AI for HPC Systems

Course Objective
This training program aims to build a practical understanding of how modern AI workloads are developed and executed on high-performance computing (HPC) systems. Participants will gain insight into the hardware, software, and system-level foundations that enable large-scale AI applications, ranging from computer vision and multimodal systems to large language models.

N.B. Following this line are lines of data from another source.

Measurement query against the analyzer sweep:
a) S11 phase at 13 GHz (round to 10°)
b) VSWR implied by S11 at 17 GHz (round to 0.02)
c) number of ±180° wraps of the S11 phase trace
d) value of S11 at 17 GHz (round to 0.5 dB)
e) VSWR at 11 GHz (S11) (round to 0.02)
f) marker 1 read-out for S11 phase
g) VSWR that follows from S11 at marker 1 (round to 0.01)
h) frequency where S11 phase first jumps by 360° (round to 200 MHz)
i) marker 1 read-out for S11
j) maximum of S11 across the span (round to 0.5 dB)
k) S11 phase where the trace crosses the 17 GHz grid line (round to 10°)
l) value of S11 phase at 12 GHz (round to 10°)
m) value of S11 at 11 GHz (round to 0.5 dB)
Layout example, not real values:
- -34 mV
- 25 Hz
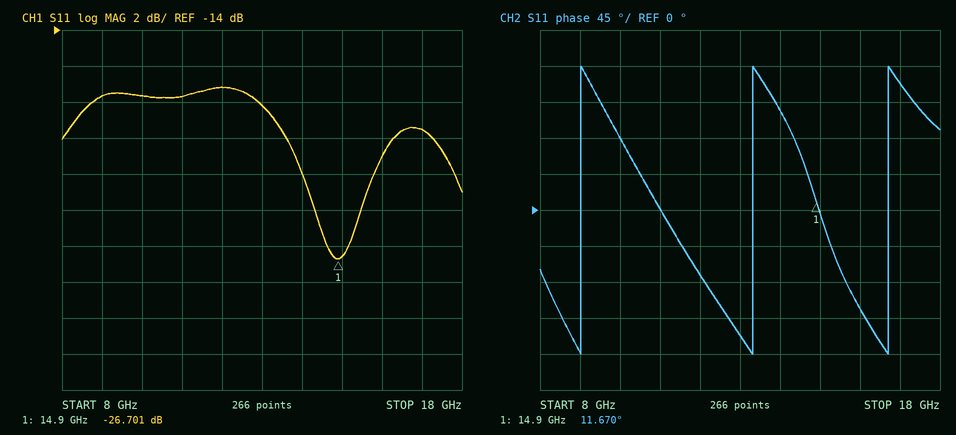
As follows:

The program is designed to provide both foundational knowledge and hands-on experience in AI on HPC environments. Participants will learn how to train, optimize, deploy, and scale AI workloads while developing practical skills in distributed computing, model serving, inference optimization, and AI compiler technologies that bridge machine learning frameworks and modern hardware platforms.
Learning Outcomes
By the end of this training, participants will understand the architecture and operation of modern supercomputing systems and how AI workloads in vision, language, and multimodal domains are executed efficiently on large-scale computing infrastructure. They will be able to work confidently within HPC Linux environments, manage computational resources using Slurm, and scale AI training from single-GPU systems to multi-GPU and multi-node clusters.
Participants will gain practical experience in building LLM-based applications, including retrieval-augmented generation (RAG) pipelines and agentic AI workflows. They will learn techniques for optimizing inference performance through quantization, batching, and model compression while also developing an introductory understanding of AI compiler technologies such as MLIR and LLVM, enabling them to appreciate how modern AI models are mapped and optimized for hardware execution.